A week later, the Patriots were in the AFC Championship game against the Pittsburgh Steelers. Even as a snotty-nosed seventh-grader, I can remember thinking, "We shouldn't be here." But the Patriots won that game, too, and suddenly they were in the Super Bowl. It was then I thought, "No, but we really shouldn't be here." If you want to believe that the only reason the Patriots beat the St. Louis Rams that day was because of alleged signal stealing, you go right ahead, but that isn't what happened.

No, this was something different. It was a power that I saw at work six years later. A power that we were up against in Super Bowl XLII against the New York Football Giants.

That Super Bowl was a matchup of one of the three greatest football teams ever assembled against a team that was fortunate to make the playoffs. What happened next was a string of miracles that still haunts me to this day. When Eli Manning scampered out onto the field to lead the Giants' final drive of the game, they were down 14-10. The Giants looked lost on offense. Suddenly, it was fourth and one. Stopping Brandon Jacobs ends the game. But…

Vince Wilfork slips and the hole he leaves gives Jacobs the first down. Next play, a terrified Eli Manning flees a collapsing pocket, running with the unprotected ball outside of his body. Adalius Thomas knocks the ball from his hands for a fumble, but…

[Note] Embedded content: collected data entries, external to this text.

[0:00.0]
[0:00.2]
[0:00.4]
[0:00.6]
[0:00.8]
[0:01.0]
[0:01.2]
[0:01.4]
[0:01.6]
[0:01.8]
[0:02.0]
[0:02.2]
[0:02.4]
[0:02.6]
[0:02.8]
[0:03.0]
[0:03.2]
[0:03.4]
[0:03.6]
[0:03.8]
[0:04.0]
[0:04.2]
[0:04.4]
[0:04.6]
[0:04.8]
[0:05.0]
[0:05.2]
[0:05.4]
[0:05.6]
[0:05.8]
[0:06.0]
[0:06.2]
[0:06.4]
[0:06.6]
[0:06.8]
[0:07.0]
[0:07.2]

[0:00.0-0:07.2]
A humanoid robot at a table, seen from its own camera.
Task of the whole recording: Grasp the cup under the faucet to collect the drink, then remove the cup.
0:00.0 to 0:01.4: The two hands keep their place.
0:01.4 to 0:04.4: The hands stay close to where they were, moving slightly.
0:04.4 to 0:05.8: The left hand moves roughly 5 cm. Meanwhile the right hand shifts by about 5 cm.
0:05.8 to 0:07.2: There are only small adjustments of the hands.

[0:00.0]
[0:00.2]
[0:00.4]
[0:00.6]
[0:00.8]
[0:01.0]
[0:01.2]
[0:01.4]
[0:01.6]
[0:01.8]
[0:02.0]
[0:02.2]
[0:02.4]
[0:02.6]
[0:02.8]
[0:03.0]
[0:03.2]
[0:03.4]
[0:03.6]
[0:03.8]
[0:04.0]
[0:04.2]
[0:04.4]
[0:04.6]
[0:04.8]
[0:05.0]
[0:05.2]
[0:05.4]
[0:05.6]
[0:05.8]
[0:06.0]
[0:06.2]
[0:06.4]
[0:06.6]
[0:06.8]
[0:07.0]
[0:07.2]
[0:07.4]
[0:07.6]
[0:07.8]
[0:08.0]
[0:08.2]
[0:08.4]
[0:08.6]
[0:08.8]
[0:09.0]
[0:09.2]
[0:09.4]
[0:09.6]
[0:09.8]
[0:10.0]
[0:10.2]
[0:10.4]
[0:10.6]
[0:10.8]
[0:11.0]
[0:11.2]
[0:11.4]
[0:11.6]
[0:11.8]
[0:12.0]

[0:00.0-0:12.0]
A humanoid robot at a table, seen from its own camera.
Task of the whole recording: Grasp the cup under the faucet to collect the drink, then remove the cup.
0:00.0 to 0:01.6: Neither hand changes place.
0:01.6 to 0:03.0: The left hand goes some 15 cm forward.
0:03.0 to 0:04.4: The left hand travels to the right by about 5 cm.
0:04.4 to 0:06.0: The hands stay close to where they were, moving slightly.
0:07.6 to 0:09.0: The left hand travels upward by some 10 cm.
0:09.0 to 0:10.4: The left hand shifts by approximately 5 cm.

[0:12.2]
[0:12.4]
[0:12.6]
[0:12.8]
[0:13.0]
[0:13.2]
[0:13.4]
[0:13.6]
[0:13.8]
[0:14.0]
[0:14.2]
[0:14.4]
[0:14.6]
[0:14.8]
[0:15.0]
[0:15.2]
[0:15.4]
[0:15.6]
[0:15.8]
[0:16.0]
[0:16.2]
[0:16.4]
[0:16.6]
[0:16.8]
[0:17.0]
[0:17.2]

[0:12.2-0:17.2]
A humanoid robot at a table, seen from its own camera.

The ball bounces underneath Eli and the Giants retain possession. Next play, a similarly scared Eli whips a ball off of his back foot into the Patriots secondary. Asante Samuel measures up the interception, but…

The ball bounces off of his hands and harmlessly to the ground. Next play…

The Tyree catch.

I'm incredibly bitter about this loss — in case you couldn't tell — but it's tough to argue that the Patriots were supposed to win that game with the overwhelming evidence in the string of miracle plays that happened. Just as the lowly Patriots of 2001-02 were destined to beat the Rams, the Giants of 2007-08 were destined to beat the Patriots. This sounds like I'm joking, but I'm not. At a certain point, an underdog football team reaches a belief that it is their destiny to win the championship, and that certainty manifests itself into an unbeatable aura that trumps all else. Look at the 2005 Steelers championship team, the Green Bay Packers 2011 championship team, or even this Giants 2012 playoff team.

In football, it's almost always better to be the team who is not supposed to be there. The thing is, that team doesn't exist in this Super Bowl. That's what's so interesting. This Super Bowl should have been some combination of the Steelers, Houston Texans, New Orleans Saints, Packers or even the San Francisco 49ers. But the Steelers and the Texans were robbed by their injuries, and the Saints, Packers and Niners were undone by miscues. Suddenly, the Super Bowl is between a team that needed an 11th-hour field goal block to keep their season alive and a team who didn't beat an opponent with a winning record until last week.

The Patriots are — for some reason — three-point favorites despite being beaten in their own house by the Giants earlier this year. These same Patriots had the incredible good fortune of an easy schedule, in which they played two above .500 teams all year, had a first round bye, and had the easiest playoff win ever over the Denver Broncos. Everyone knows this, and the Giants are the popular pick to win the Superbowl.


That makes the Patriots the favorites and the underdogs. It makes the Giants the underdogs and the favorites. Both teams are incredibly fortunate to be where they are today, and both truly seem to believe that this title is their destiny. Both teams seem to have this "power" that I mentioned before working for them and teams that have that power don't lose.


Something has to give, and I personally hope it's one of those passes Eli throws off of his back foot.